However, a comparison of FIG. 2 and FIG. 3 shows that the present invention as depicted in FIG. 3 makes much more effective use of the equipment and piping for the FIG. 1 process than the process depicted in FIG. 2 does. The following Tables IV and V compare the changes needed to convert the natural gas processing plant depicted in FIG. 1 to use either the process depicted in FIG. 2 or the process of the present invention as depicted in FIG. 3. Table IV shows the equipment and piping that must be added to or modified in the FIG. 1 process to convert it, and Table V shows the equipment and piping in the FIG. 1 process that become surplus when it is converted.









TABLE IV







Comparison of FIG. 2 and FIG. 3









Additional/Modified Equipment and Piping
FIG. 2
FIG. 3





Additional passes in heat exchanger 10
yes
yes


Flash expansion valve 14
no
maybe


Flash expansion valve 15
yes
yes


Flash expansion valve 16
yes
no


Additional feed point and rectification section for
yes
yes


column 19


Demethanizer bottoms pump 21
yes
yes


First cooling pass in heat exchanger 22 designed for
yes
no


high pressure


Second cooling pass in heat exchanger 22
yes
yes


Heat exchanger 27
yes
yes


Column liquid draw piping for stream 39
yes
yes


Column liquid draw and return piping for streams
yes
yes


40 and 40a


Liquid piping for streams 41a and 41b
yes
yes


Gas piping for streams 49 and 49a
yes
yes


Liquid piping for stream 51c
yes
yes


Gas/liquid piping for streams 34 and 35 (as depicted
yes
no


in FIG. 2)


Liquid piping for streams 34 and 34a (as depicted
no
maybe


in FIG. 3)


Liquid piping for stream 35a (as depicted in FIG. 3)
no
maybe
















TABLE V







Comparison of FIG. 2 and FIG. 3









Surplus Equipment and Piping
FIG. 2
FIG. 3





Flash expansion valve 12
yes
no


Reflux drum 23
yes
no


Reflux pump 24
yes
no


Liquid piping for upper reflux from stream 44a
yes
no


Liquid piping for lower reflux from stream 44a
yes
yes


Vapor piping for vapor distillation stream 42
yes
no


Liquid piping for liquid distillation streams 47 and 47a
yes
yes









As Table IV shows, the present invention as depicted in FIG. 3 requires fewer changes to the equipment and piping of the FIG. 1 process to adapt it for high C2 component recovery levels compared to the process of FIG. 2. Further, as Table V shows, nearly all of the equipment and piping of the FIG. 1 process can remain in service when the present invention is applied as shown in FIG. 3, making more effective use of the capital investment already required for the FIG. 1 gas processing plant.
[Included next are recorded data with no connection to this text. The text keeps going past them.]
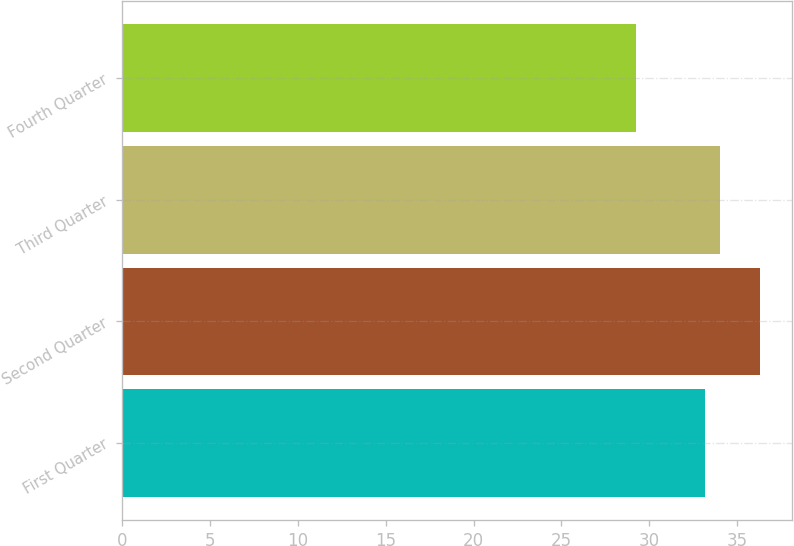Convert chart to OTSL. <chart><loc_0><loc_0><loc_500><loc_500><bar_chart><fcel>First Quarter<fcel>Second Quarter<fcel>Third Quarter<fcel>Fourth Quarter<nl><fcel>33.18<fcel>36.29<fcel>34.02<fcel>29.23<nl></chart> 
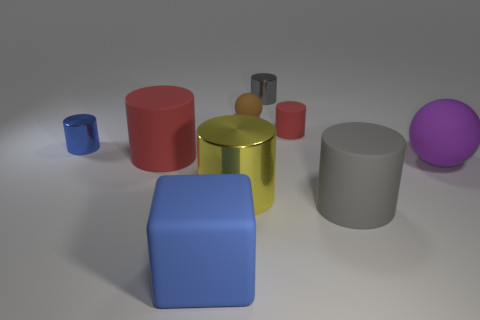How many objects in the image are primarily blue? There are two objects in the image that are primarily blue: a small blue cube and a larger blue cuboid. 
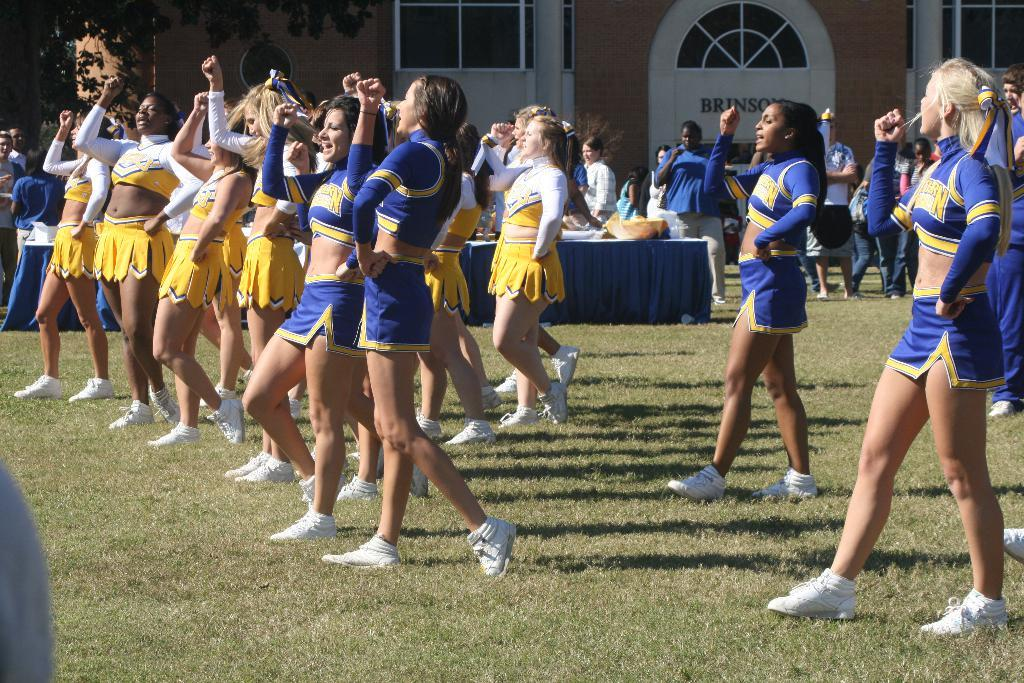<image>
Offer a succinct explanation of the picture presented. Cheerleaders from northern are wearing blue outfits on a field. 
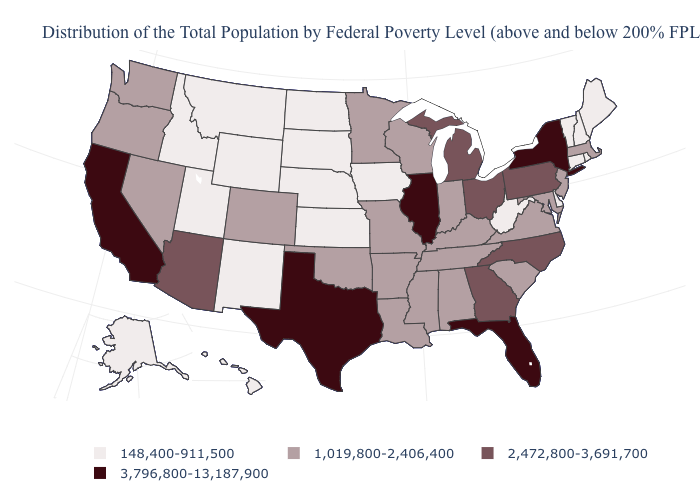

Thus, the present invention provides a very economical means for constructing a gas processing plant that can adjust its recovery level to adapt to changes in the plant economics. When the value of C2 components as a liquid is high, the present invention can be operated as depicted in FIG. 3 to efficiently recover essentially all of the C2 components (plus the C3 components and heavier components) present in the feed gas. When the C2 components have greater value as gaseous fuel, the same plant can be operated using the prior art process depicted in FIG. 1 to efficiently reject all of the C2 components to the residue gas while recovering essentially all of the C3 components and heavier components in the column bottom product. Although the process depicted in FIG. 2 can accomplish this same flexibility, the capital cost of a gas processing plant capable of operating as shown in both FIGS. 1 and 2 is higher than a plant that can operate as shown in both FIGS. 1 and 3.


The key feature of the present invention is the supplemental rectification provided by reflux stream 44a, which reduces the amount of C3 components and C4+ components contained in the vapors rising in the upper region of absorbing section 19b. Although the flow rate of reflux stream 44a in FIG. 3 is less than half of the flow rate of stream 35b in FIG. 2, its mass is sufficient to provide bulk recovery of the C3 components and heavier hydrocarbon components contained in expanded feed 32a and the vapors rising from stripping section 19c. Consequently, the quantity of liquid methane reflux (stream 51c) that must be supplied to the upper rectification section in absorbing section 19b to capture nearly all of the C2 components is only about 45% higher than the flow rate of stream 51c in FIG. 2, and is still small enough that the cold demethanizer overhead vapor (stream 38) can provide the refrigeration needed to generate both this reflux and the reflux in stream 44a. As a result, nearly 100% of the C2 components and substantially all of the heavier hydrocarbon components are recovered in liquid product 41 leaving the bottom of demethanizer 19 without requiring the additional equipment and piping needed to produce stream 35b in FIG. 2 to accomplish the same result.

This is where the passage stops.